P system, also known as a novel membrane computing model, is a biological computational model inspired by the study of the living cells, initiated by Păun in 1998. It aims to achieve calculation process by simulating the function of living cells, tissues, and organs. Objects in this model, which has complete computing capability, can evolve in a maximal parallelism and distributed manner [20]. It is exactly because of the maximum parallelism of membrane system that realizes multiple cell object concurrent evolution to search the optimal solution, which is similar to the effect of multipopulation evolution, thus making better performance of ensemble clustering. Membrane systems have the same computing power as Turing machines and even do what Turing machines can do more efficient [21, 22]. According to the different organizational structure of the system, the P system is divided into three categories: cell-like P system [23], tissue-like P system [24], and neural-like P system [25]. Among them, the cell-like P system is the first membrane model proposed by scholars, and the research of this P system is also most complete [26–28]. Its basic components include membrane structure, objects, and membrane rules. In the cell-like P system, membranes divide the whole system into different regions in which objects and rules exist; the objects are usually represented by characters or strings of symbols; the rules in each region are used to process the objects in the corresponding membrane. Objects are operated by rules in the membrane in a highly parallel mechanism [29–31], so that the system can make ensemble clustering more efficient.

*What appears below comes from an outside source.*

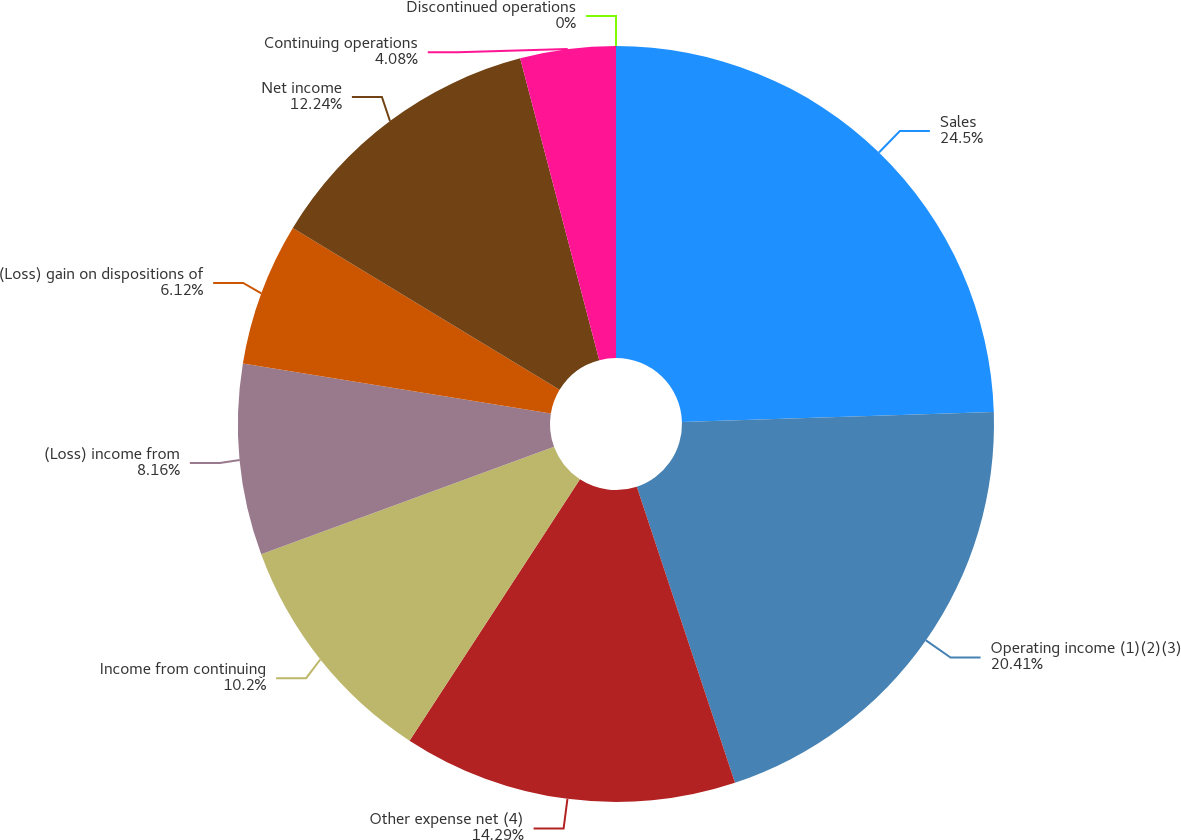Convert chart. <chart><loc_0><loc_0><loc_500><loc_500><pie_chart><fcel>Sales<fcel>Operating income (1)(2)(3)<fcel>Other expense net (4)<fcel>Income from continuing<fcel>(Loss) income from<fcel>(Loss) gain on dispositions of<fcel>Net income<fcel>Continuing operations<fcel>Discontinued operations<nl><fcel>24.49%<fcel>20.41%<fcel>14.29%<fcel>10.2%<fcel>8.16%<fcel>6.12%<fcel>12.24%<fcel>4.08%<fcel>0.0%<nl></chart>

In this paper, we introduce three genetic operators (selection, crossover, and mutation) of the genetic mechanism to realize the evolution of the chromosome and use the communication mechanism of cell-like P system to realize the sharing of outstanding objects between the membranes; it accelerates the convergence of the algorithm. The proposed algorithm is used to optimize the base clusterings and find the optimal chromosome as the final ensemble clustering result. In Section 2, we give basic concept of ensemble clustering and genetic algorithm and cell-like P system. Section 3 describes the improved GA-based consensus clustering algorithm. Section 4 addresses proposed algorithm. Section 5 shows the result of the experiment and finally we summarized the work in this paper and then plan the future work in Section 6.

#### 2. Preliminaries

In this section, we introduce some basic concepts of ensemble clustering, genetic algorithm, and cell-like P system.

##### 2.1. Ensemble Clustering

Ensemble clustering process is divided into two steps; first we generate a set of different base clusterings and then use consensus function to find a consensus clustering result which agrees as much as possible with existing base clusterings. In order to produce a number of diversified base clusterings, from the perspective of the algorithm, same clustering algorithm can be used with different initialization parameters or the use of different clustering algorithms. From the data set preprocessing point of view, we can choose different attributes or different sample subsets of data sets. The ensemble clustering process is shown as Figure 1.